Fed expected to reduce interest rates by a half-point

A quarter point cut by the Federal Reserve in interest rates would normally give Wall Street a boost

A quarter point cut by the Federal Reserve in interest rates would normally give Wall Street a boost. Today expectations of a half-point are running so high that anything less could plunge the market into the doldrums. The Federal Reserve chairman, Mr Alan Greenspan, is expected to announce the US central bank's decision at 7.15 this evening, Irish time, after two day's deliberation on how best to stave off a recession.

The case for an aggressive rate cut was strengthened by a report yesterday that consumer pessimism in the United States was rampant. A key monthly index of consumer confidence fell in January to its lowest level in more than four years.

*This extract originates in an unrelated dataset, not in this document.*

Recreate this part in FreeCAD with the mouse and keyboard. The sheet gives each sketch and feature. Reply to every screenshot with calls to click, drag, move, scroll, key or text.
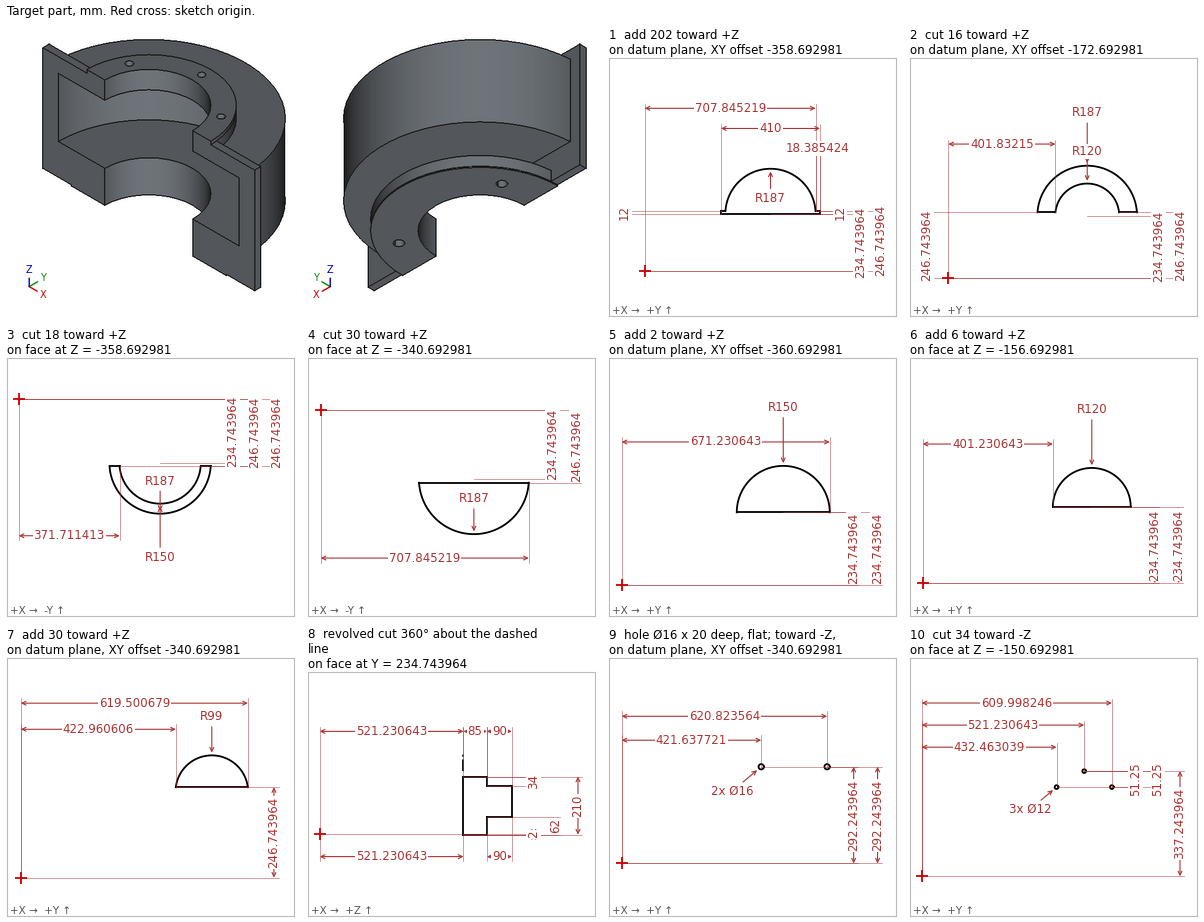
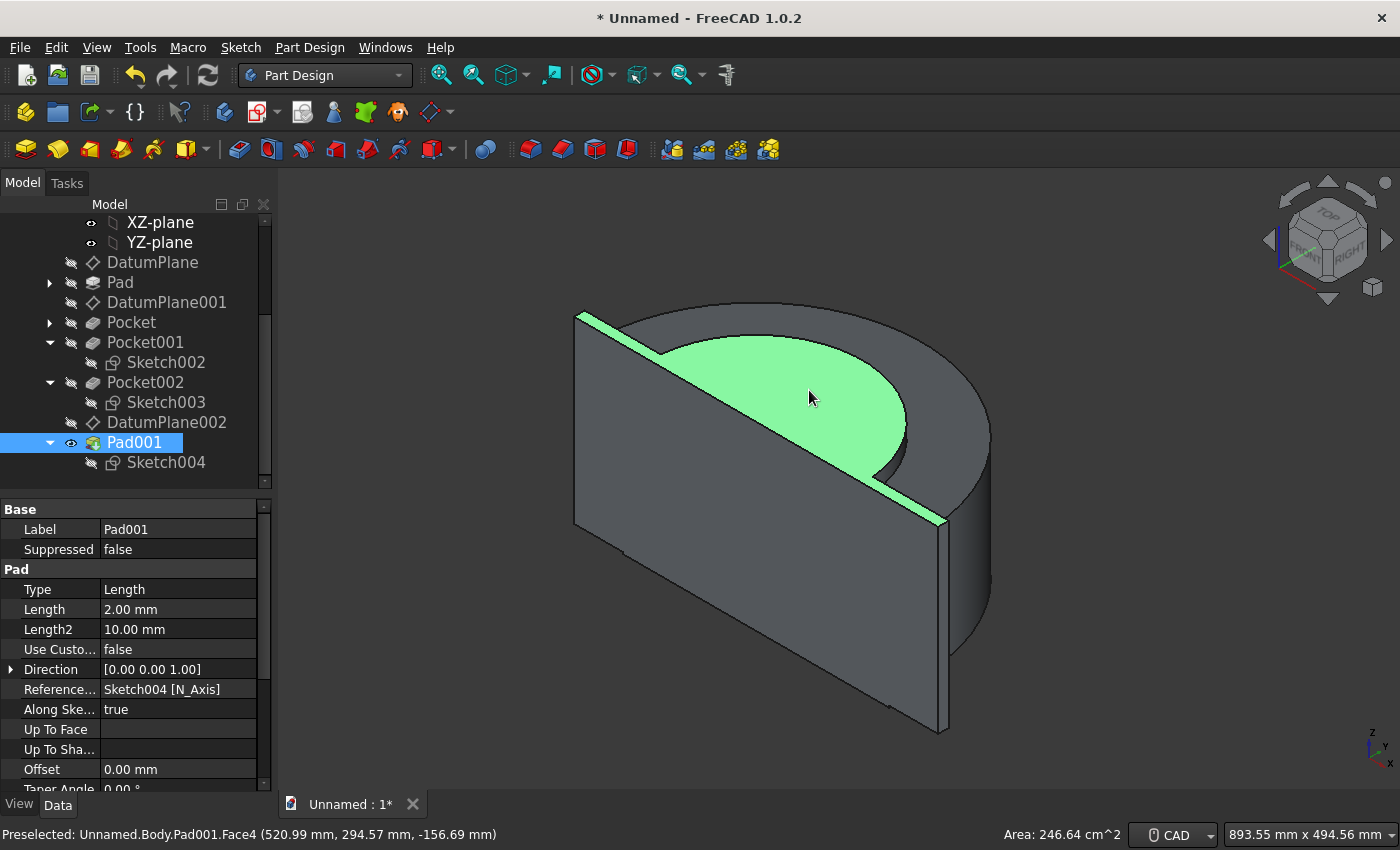
click(258, 112)

"Consumers' increasing pessimism about the short-term outlook has sent the expectations index into territory normally seen prior to a recession," said Mr Lynn Franco, director of the Conference Board, a New York-based research group which compiled the data.

Most economists are unanimous that the interest rate cut will be half a percentage point. "It's a done deal," said Mr David Wyss, chief economist for Standard & Poor.

READ MORE

"When Alan Greenspan says growth is near zero, it means the Fed believes they need to do more," said Mr Bruce Steinberg, chief economist of Merrill Lynch.

The stock and corporate bond markets have stabilised since Mr Greenspan abruptly lowered the benchmark federal funds rate from 6.5 per cent to 6 per cent on January 3rd. This led some experts to sound a note of caution about further big cuts.

The federal reserve chairman "won't have to move aggressively", said Mr Irwin Kellner, chief economist for CBS MarketWatch He argued that tax cuts planned by President George W Bush "will do some of the Fed's work" in reviving growth.

However, Mr Greenspan and the seven Federal Reserve governors who must approve any rate change will have to consider whether the markets have stabilised simply because a further half point rate cut has already been factored in - and the damage which could result from not meeting expectations.

The Fed chairman set the hare running when he told the US Senate budget committee last week that the economy had almost ground to a halt. "Indeed we are probably very close to zero at this particular moment," he said. He indicated that there was scope for a rate cut as inflation was "exceptionally well contained". The US inflation rate has fallen since peaking at 3.7 per cent in June.

The Federal Reserve has not varied interest rates by a whole decimal point in one month since 1984. Before the January 3rd reduction, Mr Greenspan had raised interest rates six time to their highest level in 15 years.

Many of the key indicators being studied by the bankers in the vast marble Federal Reserve HQ on Washington's Constitution Avenue, show where the economy has been, not where it is going. One of these is growth data for the fourth quarter of last year, due to be released today.

The economy grew at 2.2 per cent in the third quarter, down from 5.6 per cent in the April-June period and growth is predicted at 2 per cent for the October-December period.

There are many indications that the economy is continuing to slow down. Production in US industry is falling. Business inventories are piling up, with the inventory-to-sales ratio in November the highest in 18 months. The manufacturing sector has shrunk for five straight months to December. Lay-offs by big corporations have been mounting, the latest being Chrysler's plan to downsize its workforce by 26,000 over three years.

Against that, the unemployment rate in December was, at 4 per cent, just fractionally above the 30-year record low of 3.9 per cent in October. US executives still complain that they cannot find enough qualified staff. And, while home sales have fallen, the property market has not collapsed. Weekly surveys of chain store sales have also shown a slight improvement after a sluggish last quarter.

A steep fall in consumer sentiment is nevertheless a red light for growth. Consumer spending accounts for two-thirds of US economic activity. A collapse in consumer confidence preceded the recessions of the 1980s and early 1990s.

The Conference Board said yesterday its monthly index of confidence fell for a fourth straight month in January to 114.4, well below the 124.2 economists had forecast and its lowest since December 1996 - though not so low it said as to suggest an outright recession.

Mr Greenspan has identified consumer confidence as a key to determining if a rapidly slowing economy will unravel further. He told the Senate budget committee: "The critical issue we need to address is whether that degree of contraction is enough to breach the fabric of consumer confidence. At the moment it is not.

"Consumers' assessment of current business and labour market conditions, while declining, does not yet suggest the economy has completely run out of steam," Mr Franco said.

The meeting of the Federal Open Market Committee, comprising governors and presidents of the Fed's regional banks, began its closed door meeting yesterday morning.

The Federal Reserve's rate revision is likely to be followed by a similar cut in US commercial banks' prime lending rate, the benchmark for millions of personal and business loans, standing now at 9 per cent. Lowering the cost of borrowing would stimulate business investment and consumer spending.